A Wisconsin Fixed Effect

Wisconsin’s unemployment rate has dropped to 2.8 percentage points in April. The national rate is 3.9 percentage points. Proof of Walkernomics success? Well, since on average Wisconsin’s unemployment rate is typically 0.9 percentage points below, the answer is “no”. Consider the Wisconsin and US unemployment rates.


Figure 1: Unemployment rate for United States (blue), for Wisconsin (red). NBER defined recession dates shaded gray; Walker administrations shaded orange. Source: BLS, DWD, NBER.

I estimate the mean differential for 1986-2010 (the Great Moderation period pre-Walker) using OLS, and show the actual, the mean differential and the 90% prediction interval, below.


Figure 2: Unemployment rate differential US minus WI, in percentage point (black), estimated mean (red), and 90% prediction interval. Walker administrations shaded orange. Source: BLS, DWD, NBER, and author’s calculations.

Since I have not incorporated HAC standard errors, I am actually understating the width of the prediction interval.

To sum up: Wisconsin is doing just about as well as one would expect given historical pattern relating the national and Wisconsin unemployment rates. (And in any case, we shouldn’t be paying much attention to state-level unemployment rates because of the sampling error.)

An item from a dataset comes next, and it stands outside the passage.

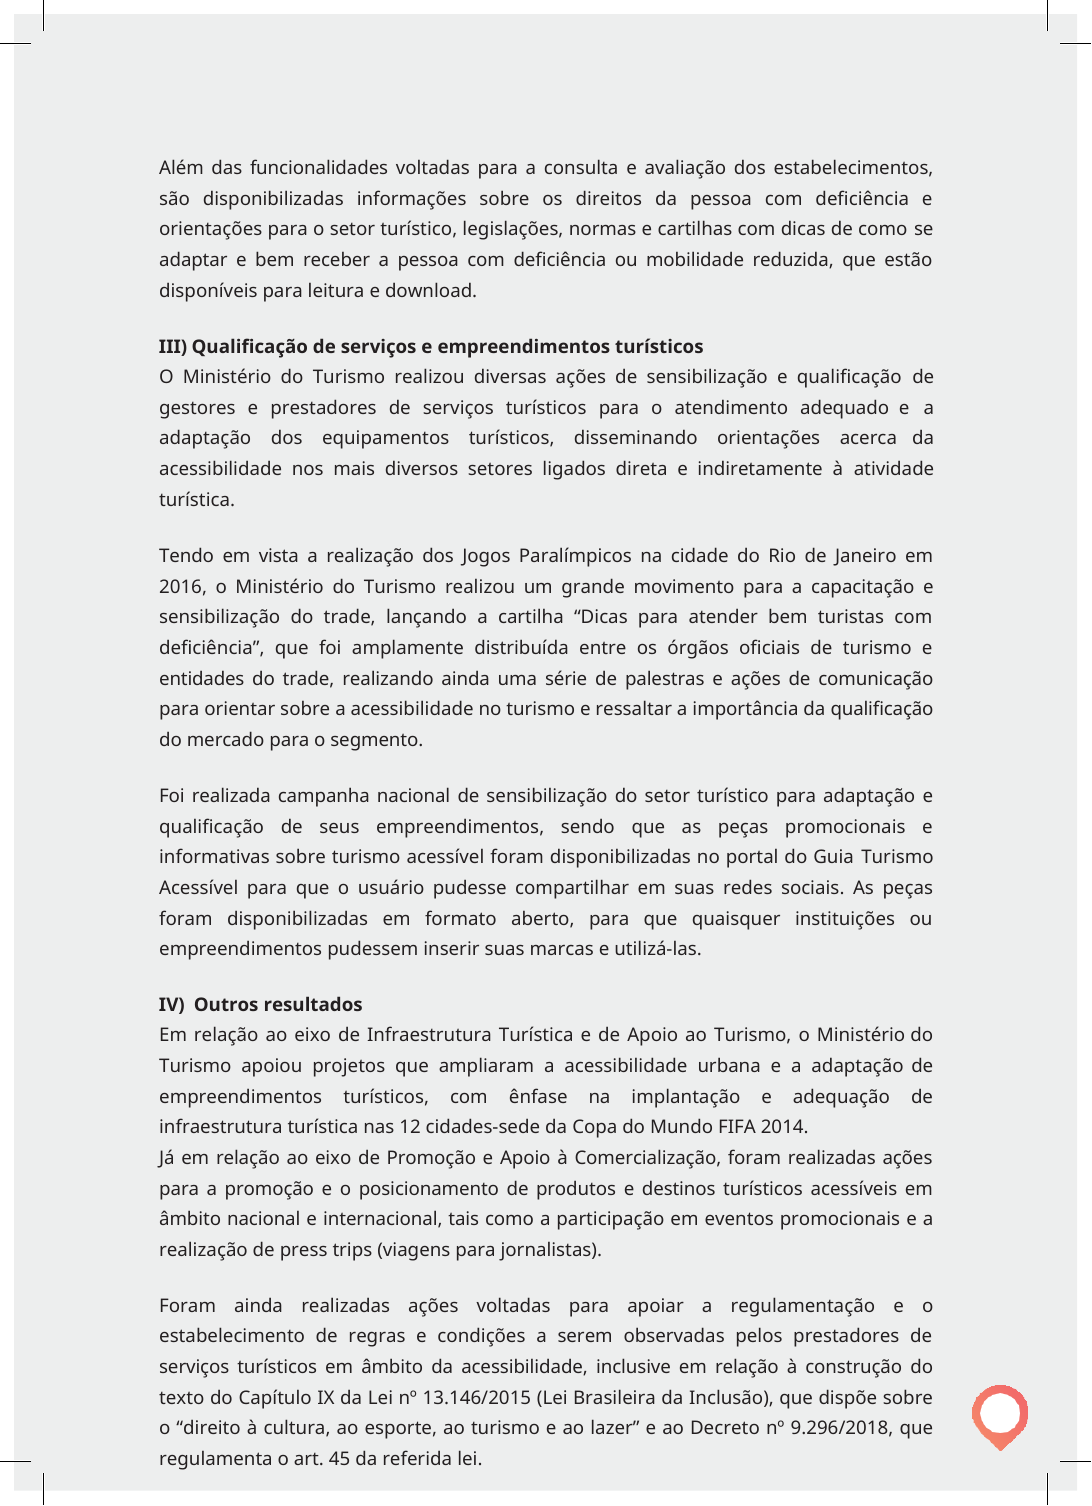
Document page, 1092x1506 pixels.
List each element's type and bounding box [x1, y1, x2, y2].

picture [972, 1385, 1028, 1451]

4 thoughts on “A Wisconsin Fixed Effect

  1. Bruce Hall

    Menzie,

    There does seem to be a bit of contradictory conclusions drawn from various data sources:
    • State level unemployment is, at best, directional but not really accurate
    • State employment is accurate (from the same source?) https://www.bls.gov/regions/midwest/wisconsin.htm#eag
    Wisconsin is doing just about as well as one would expect given historical pattern relating the national and Wisconsin unemployment rates.
    • Wisconsin (Walker) is underperforming in new jobs
    • Wisconsin’s population is growing slowly. https://www.census.gov/quickfacts/fact/table/WI/PST045217
    • Wisconsin’s retired population is growing faster than it’s workforce population https://www.dhs.wisconsin.gov/publications/p0/p00138a.xls
    • Wisconsin’s economic policies are worse than they could be (Minnesota)
    • Wisconsin’s economic policies are better than they might be (Illinois)
    • Economic policies mean less than they predominant business sectors (high tech/health care versus old line industries)
    • High tax states do better than lower tax states (Minnesota v. Wisconsin)
    • Low tax states do better than high tax states (Wisconsin v. Illinois) https://taxfoundation.org/state-and-local-sales-tax-rates-in-2017/

    In conclusion, Yes… or is it No?

  2. Steven Kopits

    So, how’s the grading going?

    Here’s the body count since we last communicated on this topic on May 14:

    Died in Mexican interior or desert 22
    Raped 1,348
    Kidnapped / Extorted 329
    Assaulted and Robbed 2,192
    Deterred Entrants (Turned Around) 1,315
    Extended Incarceration 1,096
    Economic migrant drug smuggling 493
    Forced Prostitution, Labor 241
    Total 7,036

    Take your time. No rush.

  3. Neil

    Any thoughts on the recent state GDP data? It looks like in 2017, Wisconsin Real GDP expanded 2.57% while Minnesota lagged notably, growing just 0.2%.